A Dictionary<TKey, TValue> supports multiple concurrent readers if unmodified. However, enumeration is inherently not thread-safe. In rare cases of enumeration contention with writes, the collection must be locked throughout. To enable multi-threaded read/write access, implement custom synchronization.

This explains the problem. The dumps revealed the issue stemmed from the dictionary’s FindEntry method:

Examining the dictionary’s FindEntry implementation reveals that it iterates through the internal structure (buckets) to locate the value.

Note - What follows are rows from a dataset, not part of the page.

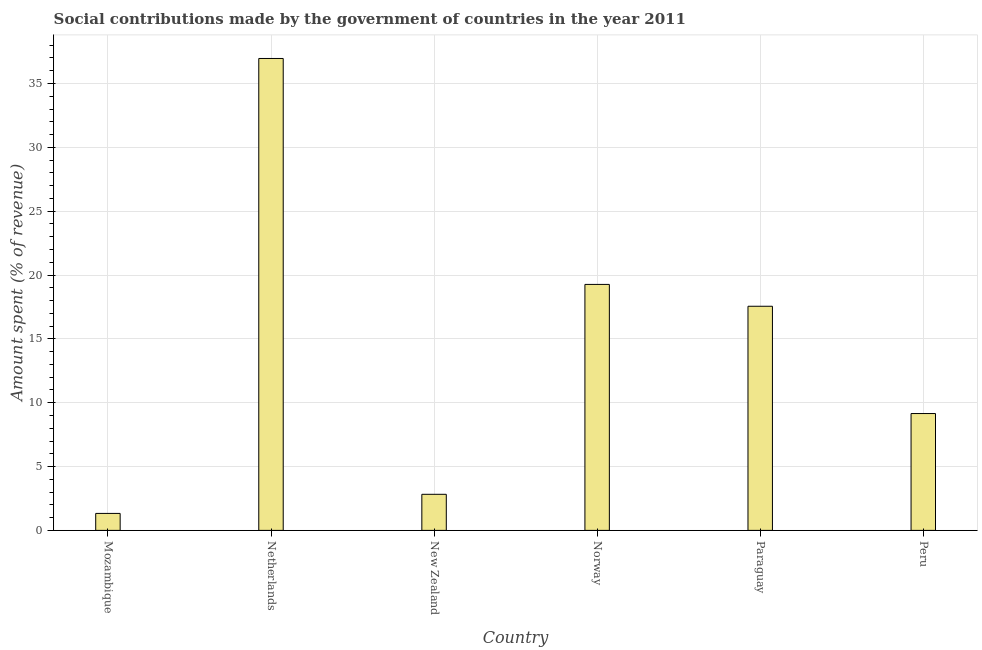What is the title of the graph?
Your answer should be very brief. Social contributions made by the government of countries in the year 2011. What is the label or title of the X-axis?
Your answer should be very brief. Country. What is the label or title of the Y-axis?
Keep it short and to the point. Amount spent (% of revenue). What is the amount spent in making social contributions in Netherlands?
Give a very brief answer. 36.96. Across all countries, what is the maximum amount spent in making social contributions?
Offer a terse response. 36.96. Across all countries, what is the minimum amount spent in making social contributions?
Provide a short and direct response. 1.33. In which country was the amount spent in making social contributions minimum?
Give a very brief answer. Mozambique. What is the sum of the amount spent in making social contributions?
Provide a short and direct response. 87.09. What is the difference between the amount spent in making social contributions in New Zealand and Norway?
Your answer should be very brief. -16.44. What is the average amount spent in making social contributions per country?
Offer a terse response. 14.52. What is the median amount spent in making social contributions?
Keep it short and to the point. 13.35. In how many countries, is the amount spent in making social contributions greater than 3 %?
Provide a succinct answer. 4. What is the ratio of the amount spent in making social contributions in Mozambique to that in Peru?
Make the answer very short. 0.14. Is the amount spent in making social contributions in Mozambique less than that in New Zealand?
Provide a short and direct response. Yes. Is the difference between the amount spent in making social contributions in New Zealand and Norway greater than the difference between any two countries?
Keep it short and to the point. No. What is the difference between the highest and the second highest amount spent in making social contributions?
Your answer should be very brief. 17.7. Is the sum of the amount spent in making social contributions in Norway and Paraguay greater than the maximum amount spent in making social contributions across all countries?
Offer a terse response. No. What is the difference between the highest and the lowest amount spent in making social contributions?
Give a very brief answer. 35.63. Are all the bars in the graph horizontal?
Offer a very short reply. No. How many countries are there in the graph?
Provide a succinct answer. 6. Are the values on the major ticks of Y-axis written in scientific E-notation?
Your answer should be compact. No. What is the Amount spent (% of revenue) of Mozambique?
Your answer should be compact. 1.33. What is the Amount spent (% of revenue) in Netherlands?
Make the answer very short. 36.96. What is the Amount spent (% of revenue) of New Zealand?
Give a very brief answer. 2.83. What is the Amount spent (% of revenue) of Norway?
Your response must be concise. 19.27. What is the Amount spent (% of revenue) in Paraguay?
Your answer should be compact. 17.55. What is the Amount spent (% of revenue) in Peru?
Offer a very short reply. 9.15. What is the difference between the Amount spent (% of revenue) in Mozambique and Netherlands?
Your answer should be compact. -35.63. What is the difference between the Amount spent (% of revenue) in Mozambique and New Zealand?
Offer a very short reply. -1.5. What is the difference between the Amount spent (% of revenue) in Mozambique and Norway?
Your answer should be very brief. -17.94. What is the difference between the Amount spent (% of revenue) in Mozambique and Paraguay?
Provide a succinct answer. -16.23. What is the difference between the Amount spent (% of revenue) in Mozambique and Peru?
Ensure brevity in your answer.  -7.82. What is the difference between the Amount spent (% of revenue) in Netherlands and New Zealand?
Your response must be concise. 34.14. What is the difference between the Amount spent (% of revenue) in Netherlands and Norway?
Offer a terse response. 17.7. What is the difference between the Amount spent (% of revenue) in Netherlands and Paraguay?
Offer a very short reply. 19.41. What is the difference between the Amount spent (% of revenue) in Netherlands and Peru?
Provide a short and direct response. 27.81. What is the difference between the Amount spent (% of revenue) in New Zealand and Norway?
Your answer should be very brief. -16.44. What is the difference between the Amount spent (% of revenue) in New Zealand and Paraguay?
Ensure brevity in your answer.  -14.73. What is the difference between the Amount spent (% of revenue) in New Zealand and Peru?
Provide a succinct answer. -6.33. What is the difference between the Amount spent (% of revenue) in Norway and Paraguay?
Offer a very short reply. 1.71. What is the difference between the Amount spent (% of revenue) in Norway and Peru?
Your answer should be very brief. 10.11. What is the difference between the Amount spent (% of revenue) in Paraguay and Peru?
Provide a short and direct response. 8.4. What is the ratio of the Amount spent (% of revenue) in Mozambique to that in Netherlands?
Make the answer very short. 0.04. What is the ratio of the Amount spent (% of revenue) in Mozambique to that in New Zealand?
Offer a terse response. 0.47. What is the ratio of the Amount spent (% of revenue) in Mozambique to that in Norway?
Give a very brief answer. 0.07. What is the ratio of the Amount spent (% of revenue) in Mozambique to that in Paraguay?
Your answer should be very brief. 0.08. What is the ratio of the Amount spent (% of revenue) in Mozambique to that in Peru?
Offer a very short reply. 0.14. What is the ratio of the Amount spent (% of revenue) in Netherlands to that in New Zealand?
Your answer should be compact. 13.08. What is the ratio of the Amount spent (% of revenue) in Netherlands to that in Norway?
Your answer should be very brief. 1.92. What is the ratio of the Amount spent (% of revenue) in Netherlands to that in Paraguay?
Your response must be concise. 2.11. What is the ratio of the Amount spent (% of revenue) in Netherlands to that in Peru?
Make the answer very short. 4.04. What is the ratio of the Amount spent (% of revenue) in New Zealand to that in Norway?
Offer a terse response. 0.15. What is the ratio of the Amount spent (% of revenue) in New Zealand to that in Paraguay?
Give a very brief answer. 0.16. What is the ratio of the Amount spent (% of revenue) in New Zealand to that in Peru?
Offer a very short reply. 0.31. What is the ratio of the Amount spent (% of revenue) in Norway to that in Paraguay?
Give a very brief answer. 1.1. What is the ratio of the Amount spent (% of revenue) in Norway to that in Peru?
Offer a terse response. 2.1. What is the ratio of the Amount spent (% of revenue) in Paraguay to that in Peru?
Your response must be concise. 1.92.

Consequently, the following .NET code, which enumerates the collection, is not thread-safe:

 1
 2
 3
 4
 5
 6
 7
 8
 9
10
11
12
13
14
15
public override Task OnDisconnected() {
    	try
    	{
        	var userId = GetUserId();
        	string connId;
        	if (onlineSessions.TryGetValue(userId, out connId))
            	onlineSessions.Remove(userId);
    	}
    	catch (Exception)
    	{
        	// ignored
    	}

    	return base.OnDisconnected();
	}

Conclusion

The dumps showed multiple threads simultaneously attempting to iterate and modify a shared resource (the static dictionary), ultimately trapping the iteration in an infinite loop and causing excessive CPU consumption by the thread.

Several solutions exist. Our initial fix involved locking and synchronizing access to the dictionary, sacrificing some performance. Given the daily server crashes, a swift resolution was critical, and this solution, though not optimal, stabilized the situation.

The next step is to analyze and optimize the code. Refactoring is an option, potentially using the new ConcurrentDictionary class, which locks only at the bucket level, improving overall performance. However, this requires careful consideration and further analysis.